Calculate the on-duty ratio D = 't g / T of 5. This on-duty ratio means the reference value of torque under no load.

Next, the routine of step 92 will be explained. Step 9
In step 6, contrary to the process in step 93, the process advances to the next step 97 only when it is determined that the clutch is engaged, and the processes in steps 97 and 98 are performed in the same manner as in steps 94 and 95 to determine the on-duty condition under load. Ratio D' ta /T
' Calculate. In step 99, steps 95 and 98
Difference ΔD between the on-duty ratio and D′ calculated for each
Finally, the torque value T applied to the rotation shaft 6 is determined by the following equation. In the formula below, G is the transverse elastic modulus, Z is the number of gear teeth, d is the rotating shaft diameter between the gears, Q is the distance between the gears, π
is pi.

Next, there is a possibility that the reference torque value under no load may change due to fluctuations in the residual torque of the rotating shaft or changes in the rotational position detectors 2 and 3 over time. In order to cope with this, in step 100, the reference value of the torque under load is updated every fixed time period TΔ.

Through the above processing, the amount of torque applied to the rotating shaft 6 can be detected.

〔Effect of the invention〕

As explained above, according to the present invention, since the tip of the rotational position detector is made of an insulating material, the torque amount can be detected with high accuracy without being affected by the rotation speed of the single rotation shaft. There is.
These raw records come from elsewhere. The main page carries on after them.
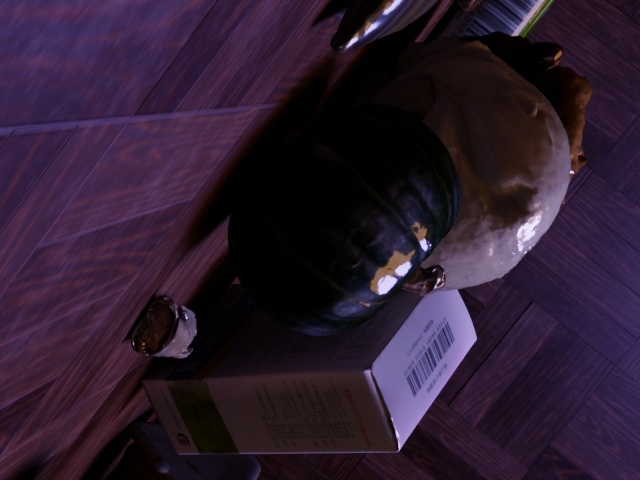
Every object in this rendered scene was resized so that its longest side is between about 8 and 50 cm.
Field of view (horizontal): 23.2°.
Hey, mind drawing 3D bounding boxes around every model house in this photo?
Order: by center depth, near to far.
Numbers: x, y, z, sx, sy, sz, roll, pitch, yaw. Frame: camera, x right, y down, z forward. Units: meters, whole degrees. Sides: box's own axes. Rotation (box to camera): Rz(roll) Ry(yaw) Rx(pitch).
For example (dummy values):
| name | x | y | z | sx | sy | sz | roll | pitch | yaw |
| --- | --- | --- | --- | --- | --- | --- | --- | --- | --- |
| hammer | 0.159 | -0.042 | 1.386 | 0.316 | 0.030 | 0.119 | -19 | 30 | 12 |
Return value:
| name | x | y | z | sx | sy | sz | roll | pitch | yaw |
| --- | --- | --- | --- | --- | --- | --- | --- | --- | --- |
| model house | -0.192 | 0.352 | 1.922 | 0.219 | 0.199 | 0.229 | 14 | 111 | -42 |

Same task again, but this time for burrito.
| name | x | y | z | sx | sy | sz | roll | pitch | yaw |
| --- | --- | --- | --- | --- | --- | --- | --- | --- | --- |
| burrito | -0.134 | 0.079 | 1.369 | 0.149 | 0.041 | 0.055 | 61 | 54 | -82 |

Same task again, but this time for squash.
| name | x | y | z | sx | sy | sz | roll | pitch | yaw |
| --- | --- | --- | --- | --- | --- | --- | --- | --- | --- |
| squash | 0.020 | -0.017 | 1.299 | 0.218 | 0.172 | 0.218 | -24 | -176 | 2 |

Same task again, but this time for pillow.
| name | x | y | z | sx | sy | sz | roll | pitch | yaw |
| --- | --- | --- | --- | --- | --- | --- | --- | --- | --- |
| pillow | 0.099 | -0.230 | 1.128 | 0.208 | 0.052 | 0.212 | -49 | 177 | 23 |

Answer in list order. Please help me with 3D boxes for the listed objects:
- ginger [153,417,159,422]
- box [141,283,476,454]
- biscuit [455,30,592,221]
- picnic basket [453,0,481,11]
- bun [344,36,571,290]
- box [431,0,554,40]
| name | x | y | z | sx | sy | sz | roll | pitch | yaw |
| --- | --- | --- | --- | --- | --- | --- | --- | --- | --- |
| ginger | -0.101 | 0.149 | 2.089 | 0.166 | 0.080 | 0.333 | -3 | -143 | 49 |
| box | -0.011 | 0.128 | 1.659 | 0.299 | 0.106 | 0.200 | -8 | -154 | 36 |
| biscuit | 0.147 | -0.082 | 1.625 | 0.334 | 0.081 | 0.289 | -3 | -120 | 49 |
| picnic basket | 0.170 | -0.284 | 1.467 | 0.110 | 0.055 | 0.193 | -53 | 177 | 30 |
| bun | 0.101 | -0.077 | 1.477 | 0.259 | 0.160 | 0.259 | -28 | -132 | 37 |
| box | 0.165 | -0.203 | 1.854 | 0.345 | 0.097 | 0.134 | -52 | 178 | 4 |
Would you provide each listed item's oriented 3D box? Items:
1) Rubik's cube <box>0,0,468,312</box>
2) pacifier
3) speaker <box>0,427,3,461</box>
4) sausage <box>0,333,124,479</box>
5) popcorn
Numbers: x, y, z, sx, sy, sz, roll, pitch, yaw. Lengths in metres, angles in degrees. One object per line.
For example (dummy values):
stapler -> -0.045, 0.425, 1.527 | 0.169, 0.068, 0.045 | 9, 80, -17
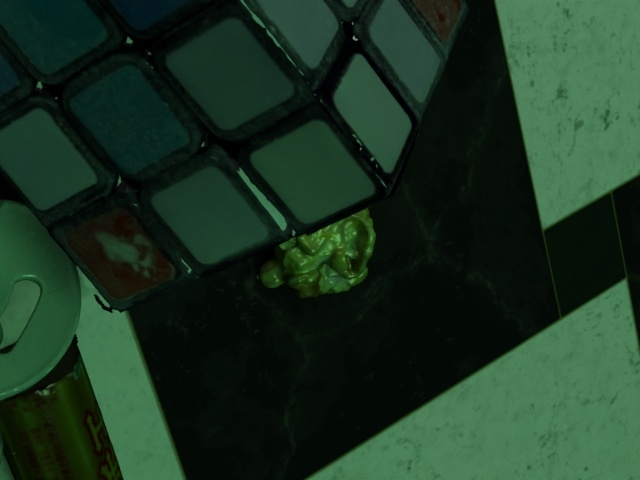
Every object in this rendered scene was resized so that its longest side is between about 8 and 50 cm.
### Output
Rubik's cube -> -0.118, -0.201, 1.213 | 0.362, 0.359, 0.363 | 48, 36, -20
pacifier -> -0.385, 0.012, 1.192 | 0.343, 0.269, 0.288 | 24, 55, -9
speaker -> -0.457, 0.348, 1.262 | 0.184, 0.183, 0.406 | 17, 90, -15
sausage -> -0.283, 0.267, 1.429 | 0.125, 0.117, 0.317 | -53, 133, -58
popcorn -> 0.000, 0.000, 1.583 | 0.141, 0.162, 0.135 | -6, 68, -57
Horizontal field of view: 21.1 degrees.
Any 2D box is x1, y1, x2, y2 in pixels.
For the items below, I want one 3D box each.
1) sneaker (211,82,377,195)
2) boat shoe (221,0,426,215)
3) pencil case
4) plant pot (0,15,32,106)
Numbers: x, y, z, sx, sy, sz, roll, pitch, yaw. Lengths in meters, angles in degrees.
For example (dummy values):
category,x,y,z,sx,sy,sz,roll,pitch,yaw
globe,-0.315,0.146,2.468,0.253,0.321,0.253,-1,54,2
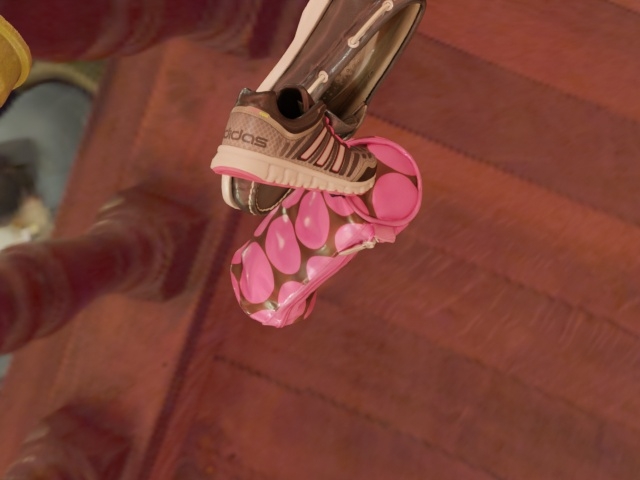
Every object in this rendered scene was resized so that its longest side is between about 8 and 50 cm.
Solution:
category,x,y,z,sx,sy,sz,roll,pitch,yaw
sneaker,-0.011,-0.077,1.269,0.063,0.170,0.075,16,97,38
boat shoe,0.001,-0.139,1.702,0.091,0.114,0.302,40,118,27
pencil case,0.000,0.000,1.438,0.209,0.095,0.098,-46,51,51
plant pot,-0.502,-0.138,1.982,0.276,0.276,0.254,7,66,15
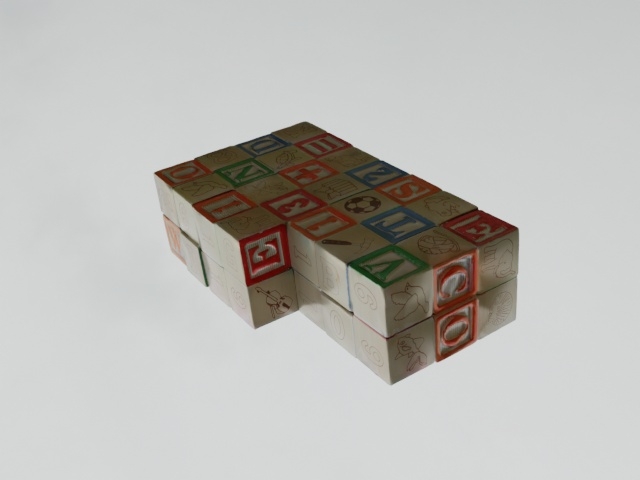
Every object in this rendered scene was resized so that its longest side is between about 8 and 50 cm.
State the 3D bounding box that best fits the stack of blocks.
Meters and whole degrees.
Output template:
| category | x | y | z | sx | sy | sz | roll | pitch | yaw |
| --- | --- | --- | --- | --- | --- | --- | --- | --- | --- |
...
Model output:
| category | x | y | z | sx | sy | sz | roll | pitch | yaw |
| --- | --- | --- | --- | --- | --- | --- | --- | --- | --- |
| stack of blocks | 0.000 | 0.000 | 0.673 | 0.171 | 0.087 | 0.297 | -23 | -146 | -26 |

[Brief explanation of the drawing]

FIG. 1 is a system configuration diagram of a phase difference torque detection device according to an embodiment of the present invention, FIG. 2 is a structural diagram of the rotational position detector of FIG. 1, and FIG. 3 is a time chart of each signal. Fourth
This figure is a block diagram of the phase difference signal detection circuit of FIG. 1, FIG. 5 is a time chart of each signal of FIG. 4, and FIG. 6 is a broach yard of the torque calculation method. 2.3... Rotational position detector, 4, 5... Magnetic gear, 6... Rotating shaft, 7, 8... Waveform shaping circuit, 10.
...Phase difference signal detection circuit, 15.16...Counter, 2
3...Reference time generation circuit, 24...Microcomputer.

Claims (1)

[Scope of Claims] 1. Two magnetic gears attached to the rotating shaft of the vehicle at regular intervals; and 2, each attached close to the outer periphery of the two gears to detect the rotational state of the two gears. a waveform shaping circuit that shapes the output signals of the two rotational position detectors into pulse signals, and a phase difference signal detection circuit that detects a phase difference signal between the pulse signals. a reference time generation circuit and a counter that measure the time when the period of the pulse signal and the voltage level of the phase difference signal are high;
In a phase difference torque detection device comprising a microcomputer that performs arithmetic processing on the output signal of the counter to calculate torque, the tip of the rotational position detector mounted opposite to the outer periphery of the gear is made of an insulating material. A phase difference type torque detection device characterized by comprising: 2. The phase difference type torque detection device according to claim 1, wherein the rotational position detector is composed of a magnetic resistance element and a magnet. 3. The phase difference torque detection device according to claim 1, wherein the insulating material at the tip of the rotational position detector is made of synthetic resin.